白石久雄は茶碗を地面に投げつけ、怒声で言った。

「もう二ヶ月も経っているなんて!恥知らずだ!未婚で妊娠するなんて!」

「彼女はどの総合病院にいるんだ?!」白石久雄は歯を食いしばって言った。

……

総合病院内。

白石沙耶は空洞の目で上を見つめ、一方の手でお腹を撫でていた。

先生の言葉とあの夜の男の強引な気配が、彼女の首を無形の鎖でしっかりと縛りつけているようだった。

白石沙耶は息が詰まりそうで、一連の出来事が彼女を押しつぶそうとしているように感じた。

「ドン!」

病室のドアが突然開かれ、病室内の人々を驚かせ、不満を引き起こした。

白石沙耶が振り向く前に、顔に重い一撃を受けた。

「パシッ!」

「馬鹿野郎!お前はどれだけ寂しかったんだ?!未婚で妊娠するなんて!」

白石久雄は粗野な言葉で罵り、白石沙耶の頭と顔を打ち続けた。

「お前の母親と同じように淫らで下品だ!死んでしまえ!恥をかかせるな!」

白石沙耶は避けきれず、頭が鳴り響き、気を失いそうになった。

「お父さん、話を聞いてください…」

「お前は俺の娘じゃない!こんな下品な娘はいない!」白石久雄はさらに打とうとしたが、木下涼子が止めた。

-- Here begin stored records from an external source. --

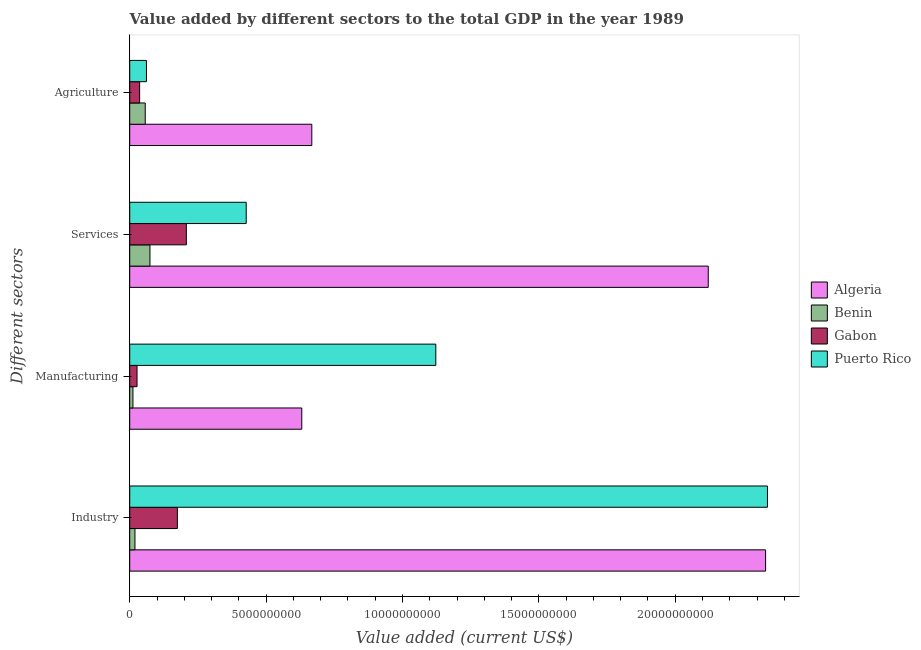How many groups of bars are there?
Your response must be concise. 4. Are the number of bars on each tick of the Y-axis equal?
Offer a terse response. Yes. How many bars are there on the 3rd tick from the top?
Your response must be concise. 4. How many bars are there on the 3rd tick from the bottom?
Keep it short and to the point. 4. What is the label of the 3rd group of bars from the top?
Make the answer very short. Manufacturing. What is the value added by manufacturing sector in Benin?
Make the answer very short. 1.18e+08. Across all countries, what is the maximum value added by industrial sector?
Give a very brief answer. 2.34e+1. Across all countries, what is the minimum value added by services sector?
Make the answer very short. 7.42e+08. In which country was the value added by manufacturing sector maximum?
Keep it short and to the point. Puerto Rico. In which country was the value added by services sector minimum?
Ensure brevity in your answer.  Benin. What is the total value added by manufacturing sector in the graph?
Ensure brevity in your answer.  1.79e+1. What is the difference between the value added by services sector in Algeria and that in Puerto Rico?
Offer a very short reply. 1.69e+1. What is the difference between the value added by manufacturing sector in Algeria and the value added by agricultural sector in Gabon?
Provide a succinct answer. 5.94e+09. What is the average value added by industrial sector per country?
Your answer should be compact. 1.22e+1. What is the difference between the value added by services sector and value added by manufacturing sector in Algeria?
Provide a succinct answer. 1.49e+1. What is the ratio of the value added by manufacturing sector in Puerto Rico to that in Benin?
Your response must be concise. 95.34. Is the value added by manufacturing sector in Puerto Rico less than that in Algeria?
Your answer should be very brief. No. What is the difference between the highest and the second highest value added by services sector?
Give a very brief answer. 1.69e+1. What is the difference between the highest and the lowest value added by services sector?
Keep it short and to the point. 2.05e+1. In how many countries, is the value added by agricultural sector greater than the average value added by agricultural sector taken over all countries?
Provide a short and direct response. 1. Is the sum of the value added by services sector in Algeria and Gabon greater than the maximum value added by agricultural sector across all countries?
Your response must be concise. Yes. What does the 3rd bar from the top in Services represents?
Your response must be concise. Benin. What does the 4th bar from the bottom in Industry represents?
Provide a succinct answer. Puerto Rico. Are all the bars in the graph horizontal?
Your answer should be very brief. Yes. How many countries are there in the graph?
Offer a very short reply. 4. What is the difference between two consecutive major ticks on the X-axis?
Your answer should be very brief. 5.00e+09. How are the legend labels stacked?
Your response must be concise. Vertical. What is the title of the graph?
Offer a very short reply. Value added by different sectors to the total GDP in the year 1989. Does "Finland" appear as one of the legend labels in the graph?
Offer a terse response. No. What is the label or title of the X-axis?
Ensure brevity in your answer.  Value added (current US$). What is the label or title of the Y-axis?
Your response must be concise. Different sectors. What is the Value added (current US$) of Algeria in Industry?
Provide a short and direct response. 2.33e+1. What is the Value added (current US$) in Benin in Industry?
Offer a terse response. 1.92e+08. What is the Value added (current US$) of Gabon in Industry?
Your response must be concise. 1.75e+09. What is the Value added (current US$) in Puerto Rico in Industry?
Offer a terse response. 2.34e+1. What is the Value added (current US$) in Algeria in Manufacturing?
Ensure brevity in your answer.  6.31e+09. What is the Value added (current US$) of Benin in Manufacturing?
Your response must be concise. 1.18e+08. What is the Value added (current US$) of Gabon in Manufacturing?
Offer a very short reply. 2.68e+08. What is the Value added (current US$) in Puerto Rico in Manufacturing?
Offer a terse response. 1.12e+1. What is the Value added (current US$) in Algeria in Services?
Your answer should be very brief. 2.12e+1. What is the Value added (current US$) in Benin in Services?
Offer a terse response. 7.42e+08. What is the Value added (current US$) in Gabon in Services?
Make the answer very short. 2.08e+09. What is the Value added (current US$) of Puerto Rico in Services?
Ensure brevity in your answer.  4.27e+09. What is the Value added (current US$) in Algeria in Agriculture?
Provide a succinct answer. 6.68e+09. What is the Value added (current US$) of Benin in Agriculture?
Offer a terse response. 5.69e+08. What is the Value added (current US$) in Gabon in Agriculture?
Your response must be concise. 3.64e+08. What is the Value added (current US$) of Puerto Rico in Agriculture?
Give a very brief answer. 6.13e+08. Across all Different sectors, what is the maximum Value added (current US$) of Algeria?
Keep it short and to the point. 2.33e+1. Across all Different sectors, what is the maximum Value added (current US$) of Benin?
Ensure brevity in your answer.  7.42e+08. Across all Different sectors, what is the maximum Value added (current US$) of Gabon?
Offer a very short reply. 2.08e+09. Across all Different sectors, what is the maximum Value added (current US$) of Puerto Rico?
Provide a succinct answer. 2.34e+1. Across all Different sectors, what is the minimum Value added (current US$) of Algeria?
Offer a terse response. 6.31e+09. Across all Different sectors, what is the minimum Value added (current US$) in Benin?
Give a very brief answer. 1.18e+08. Across all Different sectors, what is the minimum Value added (current US$) in Gabon?
Ensure brevity in your answer.  2.68e+08. Across all Different sectors, what is the minimum Value added (current US$) in Puerto Rico?
Offer a terse response. 6.13e+08. What is the total Value added (current US$) in Algeria in the graph?
Provide a succinct answer. 5.75e+1. What is the total Value added (current US$) in Benin in the graph?
Offer a terse response. 1.62e+09. What is the total Value added (current US$) of Gabon in the graph?
Offer a terse response. 4.45e+09. What is the total Value added (current US$) of Puerto Rico in the graph?
Keep it short and to the point. 3.95e+1. What is the difference between the Value added (current US$) of Algeria in Industry and that in Manufacturing?
Your response must be concise. 1.70e+1. What is the difference between the Value added (current US$) in Benin in Industry and that in Manufacturing?
Provide a succinct answer. 7.41e+07. What is the difference between the Value added (current US$) in Gabon in Industry and that in Manufacturing?
Offer a terse response. 1.48e+09. What is the difference between the Value added (current US$) of Puerto Rico in Industry and that in Manufacturing?
Provide a succinct answer. 1.22e+1. What is the difference between the Value added (current US$) in Algeria in Industry and that in Services?
Ensure brevity in your answer.  2.10e+09. What is the difference between the Value added (current US$) in Benin in Industry and that in Services?
Provide a short and direct response. -5.50e+08. What is the difference between the Value added (current US$) in Gabon in Industry and that in Services?
Give a very brief answer. -3.29e+08. What is the difference between the Value added (current US$) of Puerto Rico in Industry and that in Services?
Provide a succinct answer. 1.91e+1. What is the difference between the Value added (current US$) of Algeria in Industry and that in Agriculture?
Offer a terse response. 1.66e+1. What is the difference between the Value added (current US$) in Benin in Industry and that in Agriculture?
Offer a terse response. -3.77e+08. What is the difference between the Value added (current US$) in Gabon in Industry and that in Agriculture?
Give a very brief answer. 1.38e+09. What is the difference between the Value added (current US$) of Puerto Rico in Industry and that in Agriculture?
Give a very brief answer. 2.28e+1. What is the difference between the Value added (current US$) in Algeria in Manufacturing and that in Services?
Your answer should be very brief. -1.49e+1. What is the difference between the Value added (current US$) of Benin in Manufacturing and that in Services?
Provide a succinct answer. -6.24e+08. What is the difference between the Value added (current US$) in Gabon in Manufacturing and that in Services?
Your answer should be very brief. -1.81e+09. What is the difference between the Value added (current US$) in Puerto Rico in Manufacturing and that in Services?
Give a very brief answer. 6.95e+09. What is the difference between the Value added (current US$) of Algeria in Manufacturing and that in Agriculture?
Your answer should be very brief. -3.68e+08. What is the difference between the Value added (current US$) in Benin in Manufacturing and that in Agriculture?
Provide a succinct answer. -4.51e+08. What is the difference between the Value added (current US$) of Gabon in Manufacturing and that in Agriculture?
Provide a succinct answer. -9.56e+07. What is the difference between the Value added (current US$) of Puerto Rico in Manufacturing and that in Agriculture?
Ensure brevity in your answer.  1.06e+1. What is the difference between the Value added (current US$) of Algeria in Services and that in Agriculture?
Make the answer very short. 1.45e+1. What is the difference between the Value added (current US$) in Benin in Services and that in Agriculture?
Ensure brevity in your answer.  1.73e+08. What is the difference between the Value added (current US$) in Gabon in Services and that in Agriculture?
Offer a very short reply. 1.71e+09. What is the difference between the Value added (current US$) of Puerto Rico in Services and that in Agriculture?
Give a very brief answer. 3.66e+09. What is the difference between the Value added (current US$) of Algeria in Industry and the Value added (current US$) of Benin in Manufacturing?
Offer a terse response. 2.32e+1. What is the difference between the Value added (current US$) of Algeria in Industry and the Value added (current US$) of Gabon in Manufacturing?
Your answer should be very brief. 2.30e+1. What is the difference between the Value added (current US$) in Algeria in Industry and the Value added (current US$) in Puerto Rico in Manufacturing?
Keep it short and to the point. 1.21e+1. What is the difference between the Value added (current US$) of Benin in Industry and the Value added (current US$) of Gabon in Manufacturing?
Your answer should be compact. -7.62e+07. What is the difference between the Value added (current US$) of Benin in Industry and the Value added (current US$) of Puerto Rico in Manufacturing?
Your answer should be compact. -1.10e+1. What is the difference between the Value added (current US$) of Gabon in Industry and the Value added (current US$) of Puerto Rico in Manufacturing?
Offer a very short reply. -9.48e+09. What is the difference between the Value added (current US$) in Algeria in Industry and the Value added (current US$) in Benin in Services?
Ensure brevity in your answer.  2.26e+1. What is the difference between the Value added (current US$) of Algeria in Industry and the Value added (current US$) of Gabon in Services?
Provide a succinct answer. 2.12e+1. What is the difference between the Value added (current US$) of Algeria in Industry and the Value added (current US$) of Puerto Rico in Services?
Your response must be concise. 1.90e+1. What is the difference between the Value added (current US$) of Benin in Industry and the Value added (current US$) of Gabon in Services?
Your response must be concise. -1.88e+09. What is the difference between the Value added (current US$) of Benin in Industry and the Value added (current US$) of Puerto Rico in Services?
Give a very brief answer. -4.08e+09. What is the difference between the Value added (current US$) of Gabon in Industry and the Value added (current US$) of Puerto Rico in Services?
Make the answer very short. -2.52e+09. What is the difference between the Value added (current US$) in Algeria in Industry and the Value added (current US$) in Benin in Agriculture?
Offer a terse response. 2.27e+1. What is the difference between the Value added (current US$) of Algeria in Industry and the Value added (current US$) of Gabon in Agriculture?
Offer a very short reply. 2.30e+1. What is the difference between the Value added (current US$) of Algeria in Industry and the Value added (current US$) of Puerto Rico in Agriculture?
Offer a very short reply. 2.27e+1. What is the difference between the Value added (current US$) of Benin in Industry and the Value added (current US$) of Gabon in Agriculture?
Offer a very short reply. -1.72e+08. What is the difference between the Value added (current US$) in Benin in Industry and the Value added (current US$) in Puerto Rico in Agriculture?
Offer a terse response. -4.22e+08. What is the difference between the Value added (current US$) in Gabon in Industry and the Value added (current US$) in Puerto Rico in Agriculture?
Your answer should be compact. 1.13e+09. What is the difference between the Value added (current US$) of Algeria in Manufacturing and the Value added (current US$) of Benin in Services?
Your answer should be very brief. 5.57e+09. What is the difference between the Value added (current US$) of Algeria in Manufacturing and the Value added (current US$) of Gabon in Services?
Your answer should be compact. 4.23e+09. What is the difference between the Value added (current US$) in Algeria in Manufacturing and the Value added (current US$) in Puerto Rico in Services?
Ensure brevity in your answer.  2.04e+09. What is the difference between the Value added (current US$) of Benin in Manufacturing and the Value added (current US$) of Gabon in Services?
Your answer should be very brief. -1.96e+09. What is the difference between the Value added (current US$) in Benin in Manufacturing and the Value added (current US$) in Puerto Rico in Services?
Offer a very short reply. -4.15e+09. What is the difference between the Value added (current US$) in Gabon in Manufacturing and the Value added (current US$) in Puerto Rico in Services?
Provide a short and direct response. -4.00e+09. What is the difference between the Value added (current US$) in Algeria in Manufacturing and the Value added (current US$) in Benin in Agriculture?
Your response must be concise. 5.74e+09. What is the difference between the Value added (current US$) of Algeria in Manufacturing and the Value added (current US$) of Gabon in Agriculture?
Your response must be concise. 5.94e+09. What is the difference between the Value added (current US$) of Algeria in Manufacturing and the Value added (current US$) of Puerto Rico in Agriculture?
Your response must be concise. 5.69e+09. What is the difference between the Value added (current US$) of Benin in Manufacturing and the Value added (current US$) of Gabon in Agriculture?
Your response must be concise. -2.46e+08. What is the difference between the Value added (current US$) of Benin in Manufacturing and the Value added (current US$) of Puerto Rico in Agriculture?
Offer a very short reply. -4.96e+08. What is the difference between the Value added (current US$) of Gabon in Manufacturing and the Value added (current US$) of Puerto Rico in Agriculture?
Provide a succinct answer. -3.45e+08. What is the difference between the Value added (current US$) of Algeria in Services and the Value added (current US$) of Benin in Agriculture?
Your answer should be compact. 2.06e+1. What is the difference between the Value added (current US$) in Algeria in Services and the Value added (current US$) in Gabon in Agriculture?
Your response must be concise. 2.08e+1. What is the difference between the Value added (current US$) in Algeria in Services and the Value added (current US$) in Puerto Rico in Agriculture?
Provide a succinct answer. 2.06e+1. What is the difference between the Value added (current US$) of Benin in Services and the Value added (current US$) of Gabon in Agriculture?
Offer a terse response. 3.78e+08. What is the difference between the Value added (current US$) in Benin in Services and the Value added (current US$) in Puerto Rico in Agriculture?
Your response must be concise. 1.28e+08. What is the difference between the Value added (current US$) in Gabon in Services and the Value added (current US$) in Puerto Rico in Agriculture?
Offer a very short reply. 1.46e+09. What is the average Value added (current US$) in Algeria per Different sectors?
Offer a terse response. 1.44e+1. What is the average Value added (current US$) in Benin per Different sectors?
Give a very brief answer. 4.05e+08. What is the average Value added (current US$) of Gabon per Different sectors?
Make the answer very short. 1.11e+09. What is the average Value added (current US$) in Puerto Rico per Different sectors?
Give a very brief answer. 9.87e+09. What is the difference between the Value added (current US$) of Algeria and Value added (current US$) of Benin in Industry?
Keep it short and to the point. 2.31e+1. What is the difference between the Value added (current US$) of Algeria and Value added (current US$) of Gabon in Industry?
Give a very brief answer. 2.16e+1. What is the difference between the Value added (current US$) in Algeria and Value added (current US$) in Puerto Rico in Industry?
Offer a terse response. -6.80e+07. What is the difference between the Value added (current US$) of Benin and Value added (current US$) of Gabon in Industry?
Provide a succinct answer. -1.56e+09. What is the difference between the Value added (current US$) in Benin and Value added (current US$) in Puerto Rico in Industry?
Your answer should be compact. -2.32e+1. What is the difference between the Value added (current US$) in Gabon and Value added (current US$) in Puerto Rico in Industry?
Offer a very short reply. -2.16e+1. What is the difference between the Value added (current US$) of Algeria and Value added (current US$) of Benin in Manufacturing?
Your answer should be compact. 6.19e+09. What is the difference between the Value added (current US$) of Algeria and Value added (current US$) of Gabon in Manufacturing?
Offer a terse response. 6.04e+09. What is the difference between the Value added (current US$) of Algeria and Value added (current US$) of Puerto Rico in Manufacturing?
Offer a terse response. -4.91e+09. What is the difference between the Value added (current US$) of Benin and Value added (current US$) of Gabon in Manufacturing?
Provide a succinct answer. -1.50e+08. What is the difference between the Value added (current US$) of Benin and Value added (current US$) of Puerto Rico in Manufacturing?
Your answer should be compact. -1.11e+1. What is the difference between the Value added (current US$) in Gabon and Value added (current US$) in Puerto Rico in Manufacturing?
Give a very brief answer. -1.10e+1. What is the difference between the Value added (current US$) in Algeria and Value added (current US$) in Benin in Services?
Your response must be concise. 2.05e+1. What is the difference between the Value added (current US$) of Algeria and Value added (current US$) of Gabon in Services?
Give a very brief answer. 1.91e+1. What is the difference between the Value added (current US$) of Algeria and Value added (current US$) of Puerto Rico in Services?
Your response must be concise. 1.69e+1. What is the difference between the Value added (current US$) of Benin and Value added (current US$) of Gabon in Services?
Provide a succinct answer. -1.33e+09. What is the difference between the Value added (current US$) of Benin and Value added (current US$) of Puerto Rico in Services?
Make the answer very short. -3.53e+09. What is the difference between the Value added (current US$) of Gabon and Value added (current US$) of Puerto Rico in Services?
Offer a very short reply. -2.20e+09. What is the difference between the Value added (current US$) of Algeria and Value added (current US$) of Benin in Agriculture?
Your answer should be very brief. 6.11e+09. What is the difference between the Value added (current US$) of Algeria and Value added (current US$) of Gabon in Agriculture?
Ensure brevity in your answer.  6.31e+09. What is the difference between the Value added (current US$) of Algeria and Value added (current US$) of Puerto Rico in Agriculture?
Provide a short and direct response. 6.06e+09. What is the difference between the Value added (current US$) in Benin and Value added (current US$) in Gabon in Agriculture?
Make the answer very short. 2.05e+08. What is the difference between the Value added (current US$) in Benin and Value added (current US$) in Puerto Rico in Agriculture?
Make the answer very short. -4.47e+07. What is the difference between the Value added (current US$) of Gabon and Value added (current US$) of Puerto Rico in Agriculture?
Your response must be concise. -2.50e+08. What is the ratio of the Value added (current US$) in Algeria in Industry to that in Manufacturing?
Your answer should be very brief. 3.7. What is the ratio of the Value added (current US$) of Benin in Industry to that in Manufacturing?
Offer a terse response. 1.63. What is the ratio of the Value added (current US$) of Gabon in Industry to that in Manufacturing?
Make the answer very short. 6.52. What is the ratio of the Value added (current US$) of Puerto Rico in Industry to that in Manufacturing?
Ensure brevity in your answer.  2.08. What is the ratio of the Value added (current US$) of Algeria in Industry to that in Services?
Make the answer very short. 1.1. What is the ratio of the Value added (current US$) in Benin in Industry to that in Services?
Provide a succinct answer. 0.26. What is the ratio of the Value added (current US$) of Gabon in Industry to that in Services?
Provide a succinct answer. 0.84. What is the ratio of the Value added (current US$) of Puerto Rico in Industry to that in Services?
Give a very brief answer. 5.47. What is the ratio of the Value added (current US$) in Algeria in Industry to that in Agriculture?
Offer a very short reply. 3.49. What is the ratio of the Value added (current US$) in Benin in Industry to that in Agriculture?
Provide a short and direct response. 0.34. What is the ratio of the Value added (current US$) of Gabon in Industry to that in Agriculture?
Give a very brief answer. 4.8. What is the ratio of the Value added (current US$) of Puerto Rico in Industry to that in Agriculture?
Make the answer very short. 38.12. What is the ratio of the Value added (current US$) of Algeria in Manufacturing to that in Services?
Ensure brevity in your answer.  0.3. What is the ratio of the Value added (current US$) of Benin in Manufacturing to that in Services?
Ensure brevity in your answer.  0.16. What is the ratio of the Value added (current US$) of Gabon in Manufacturing to that in Services?
Provide a succinct answer. 0.13. What is the ratio of the Value added (current US$) of Puerto Rico in Manufacturing to that in Services?
Give a very brief answer. 2.63. What is the ratio of the Value added (current US$) of Algeria in Manufacturing to that in Agriculture?
Keep it short and to the point. 0.94. What is the ratio of the Value added (current US$) of Benin in Manufacturing to that in Agriculture?
Your answer should be compact. 0.21. What is the ratio of the Value added (current US$) in Gabon in Manufacturing to that in Agriculture?
Ensure brevity in your answer.  0.74. What is the ratio of the Value added (current US$) of Puerto Rico in Manufacturing to that in Agriculture?
Give a very brief answer. 18.29. What is the ratio of the Value added (current US$) of Algeria in Services to that in Agriculture?
Offer a terse response. 3.18. What is the ratio of the Value added (current US$) in Benin in Services to that in Agriculture?
Ensure brevity in your answer.  1.3. What is the ratio of the Value added (current US$) of Gabon in Services to that in Agriculture?
Keep it short and to the point. 5.71. What is the ratio of the Value added (current US$) of Puerto Rico in Services to that in Agriculture?
Your answer should be compact. 6.96. What is the difference between the highest and the second highest Value added (current US$) in Algeria?
Your response must be concise. 2.10e+09. What is the difference between the highest and the second highest Value added (current US$) in Benin?
Provide a succinct answer. 1.73e+08. What is the difference between the highest and the second highest Value added (current US$) in Gabon?
Provide a succinct answer. 3.29e+08. What is the difference between the highest and the second highest Value added (current US$) in Puerto Rico?
Offer a terse response. 1.22e+1. What is the difference between the highest and the lowest Value added (current US$) of Algeria?
Provide a short and direct response. 1.70e+1. What is the difference between the highest and the lowest Value added (current US$) of Benin?
Offer a terse response. 6.24e+08. What is the difference between the highest and the lowest Value added (current US$) in Gabon?
Offer a terse response. 1.81e+09. What is the difference between the highest and the lowest Value added (current US$) in Puerto Rico?
Provide a succinct answer. 2.28e+1.

白石久雄が十数回も打った後、木下涼子はようやく偽善的に止めた。

「久雄、もういいわ。沙耶ちゃんも一時の過ちよ。こんなに打ったら、体を壊してしまうわ。何しろ妊娠しているんだから」

「子供も壊れてしまえ!」白石久雄は冷酷な目で言った。

「そうだ!この雑種は残せない!すぐに手術して打ち消せ!」

白石沙耶はすぐに首を振った。

「打ち消さない。この子を残す!」

「反抗するのか!」白石久雄は再び打とうとしたが、白石沙耶はベッドから降りて避けた。

白石沙耶は毅然として言った。

「これは私の子供です。あなたたちには打ち消す権利はありません。子供を打ち消すなら、死にます!」

「それなら死ねばいい!」白石久雄は怒り狂って言った。

「お前は大学一年生で、未婚で妊娠するなんて恥知らずなことをするなんて!俺の面目を全部失わせた!」

「白石社長」

医療スタッフが駆けつけ、白石久雄が騒いでいるのを見て、家族全員をオフィスに連れて行った。

先生は重々しく言った。

「白石社長、この子は元々体が弱いので、こんなに打ちのめされると大事になりますよ」

白石久雄はまだ怒りが収まらず、白石沙耶を押しのけた。

「俺は彼女を打ち殺すべきだ!恥知らずな奴め!それに、この雑種は残せない。すぐに打ち消せ!」

白石沙耶の顔は一瞬で真っ白になり、お腹を押さえて後退したが、木下涼子に捕まえられた。